_BRIEF:_ Once you find the line containing "Please identify and", set down exactly that line and every one after it through the end of the listing below, with both ends included and any pictures omitted.

── EXERCISE DATA

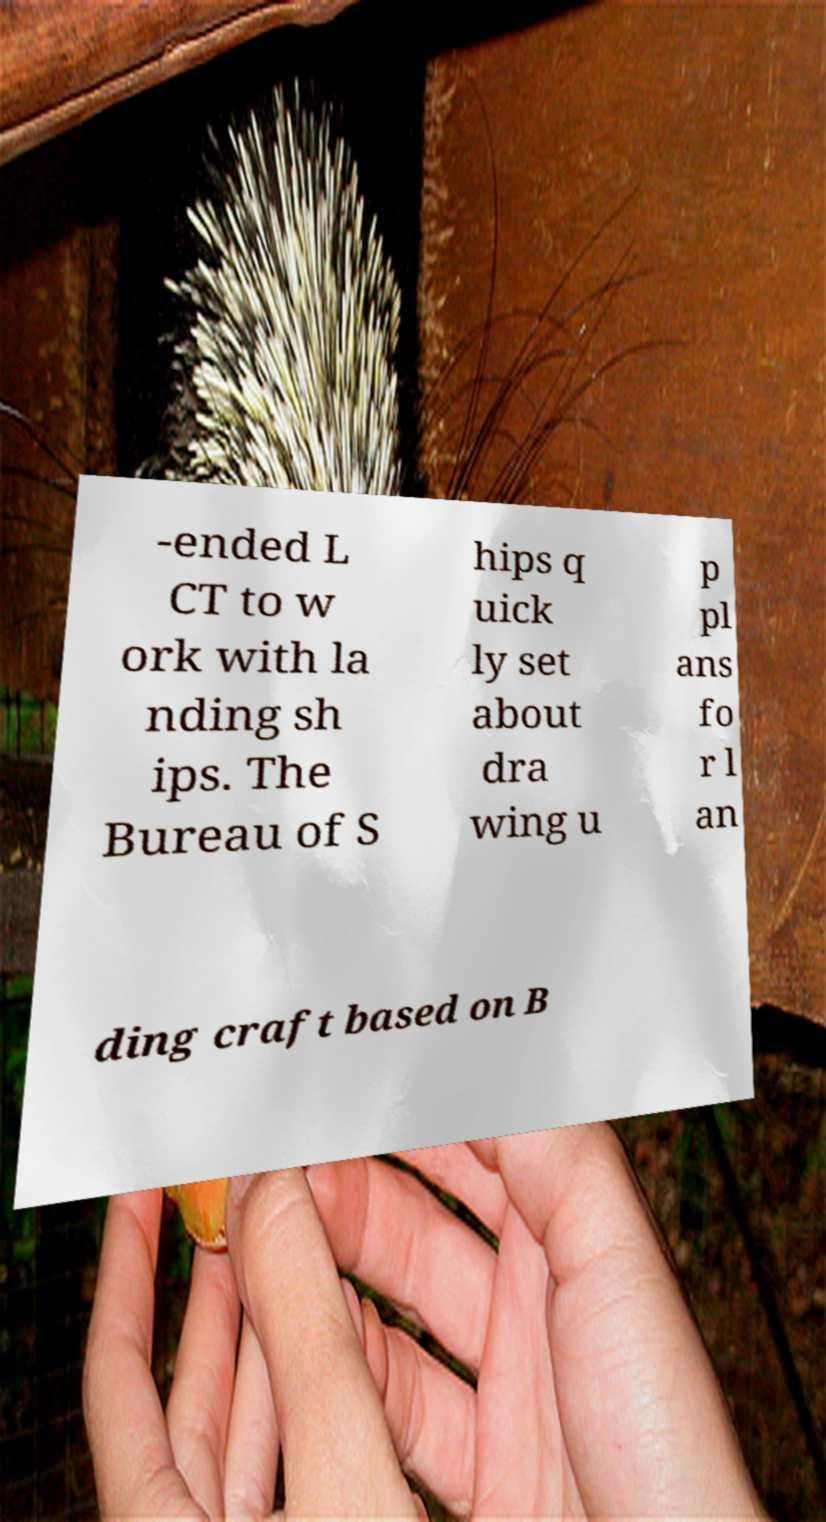Could you extract and type out the text from this image? -ended L CT to w ork with la nding sh ips. The Bureau of S hips q uick ly set about dra wing u p pl ans fo r l an ding craft based on B 
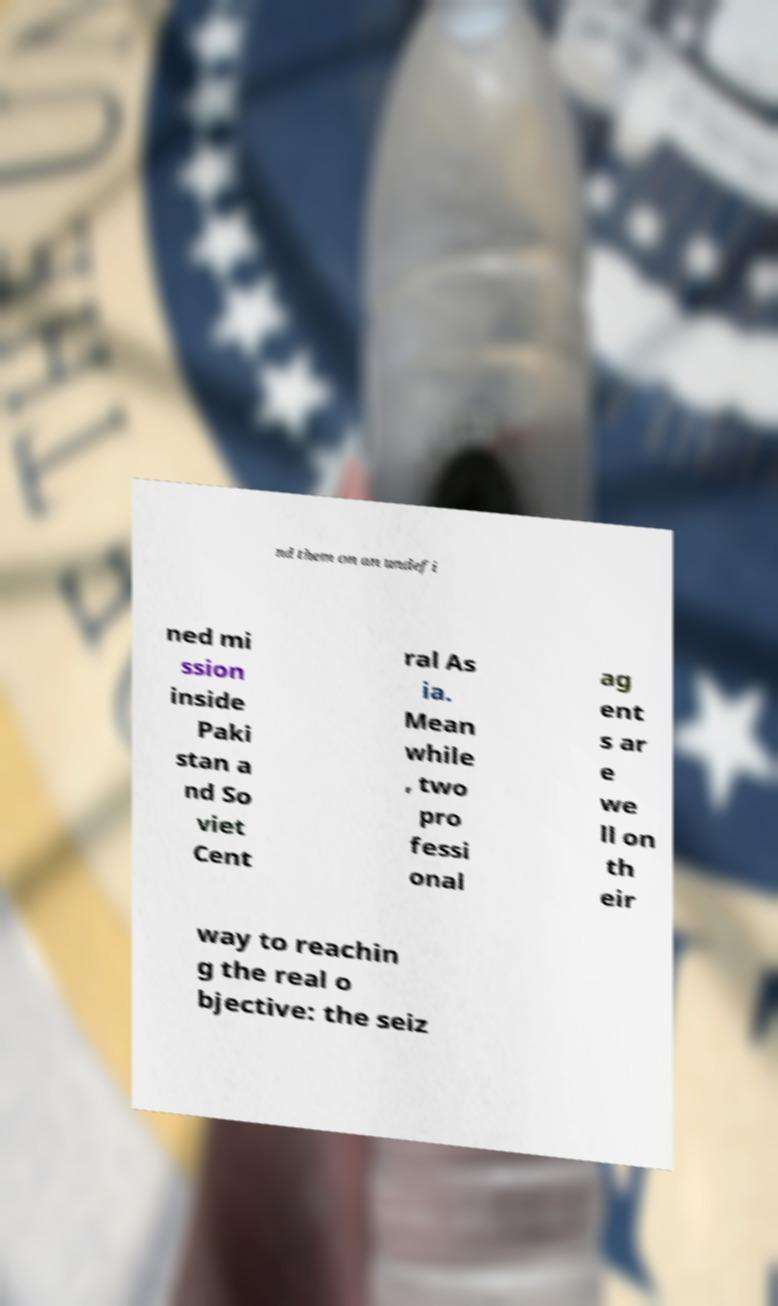Please identify and transcribe the text found in this image. nd them on an undefi ned mi ssion inside Paki stan a nd So viet Cent ral As ia. Mean while , two pro fessi onal ag ent s ar e we ll on th eir way to reachin g the real o bjective: the seiz 
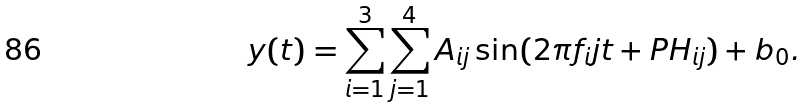Convert formula to latex. <formula><loc_0><loc_0><loc_500><loc_500>y ( t ) = \sum _ { i = 1 } ^ { 3 } \sum _ { j = 1 } ^ { 4 } A _ { i j } \sin ( 2 \pi f _ { i } j t + P H _ { i j } ) + b _ { 0 } .</formula> 
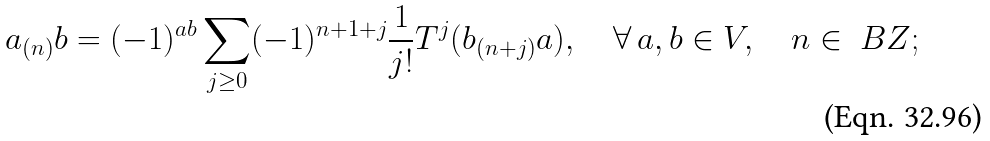<formula> <loc_0><loc_0><loc_500><loc_500>a _ { ( n ) } b = ( - 1 ) ^ { a b } \sum _ { j \geq 0 } ( - 1 ) ^ { n + 1 + j } \frac { 1 } { j ! } T ^ { j } ( b _ { ( n + j ) } a ) , \quad \forall \, a , b \in V , \quad n \in \ B Z ;</formula> 
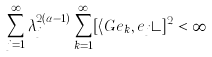Convert formula to latex. <formula><loc_0><loc_0><loc_500><loc_500>\sum _ { j = 1 } ^ { \infty } \lambda _ { j } ^ { 2 ( \alpha - 1 ) } \sum _ { k = 1 } ^ { \infty } [ \langle G e _ { k } , e _ { j } \rangle ] ^ { 2 } < \infty</formula>

────

_WRITTEN ANSWER:_
Please identify and transcribe the text found in this image. nd them on an undefi ned mi ssion inside Paki stan a nd So viet Cent ral As ia. Mean while , two pro fessi onal ag ent s ar e we ll on th eir way to reachin g the real o bjective: the seiz 
Convert formula to latex. <formula><loc_0><loc_0><loc_500><loc_500>y ( t ) = \sum _ { i = 1 } ^ { 3 } \sum _ { j = 1 } ^ { 4 } A _ { i j } \sin ( 2 \pi f _ { i } j t + P H _ { i j } ) + b _ { 0 } .</formula> 
<formula> <loc_0><loc_0><loc_500><loc_500>a _ { ( n ) } b = ( - 1 ) ^ { a b } \sum _ { j \geq 0 } ( - 1 ) ^ { n + 1 + j } \frac { 1 } { j ! } T ^ { j } ( b _ { ( n + j ) } a ) , \quad \forall \, a , b \in V , \quad n \in \ B Z ;</formula> 
Convert formula to latex. <formula><loc_0><loc_0><loc_500><loc_500>\sum _ { j = 1 } ^ { \infty } \lambda _ { j } ^ { 2 ( \alpha - 1 ) } \sum _ { k = 1 } ^ { \infty } [ \langle G e _ { k } , e _ { j } \rangle ] ^ { 2 } < \infty</formula>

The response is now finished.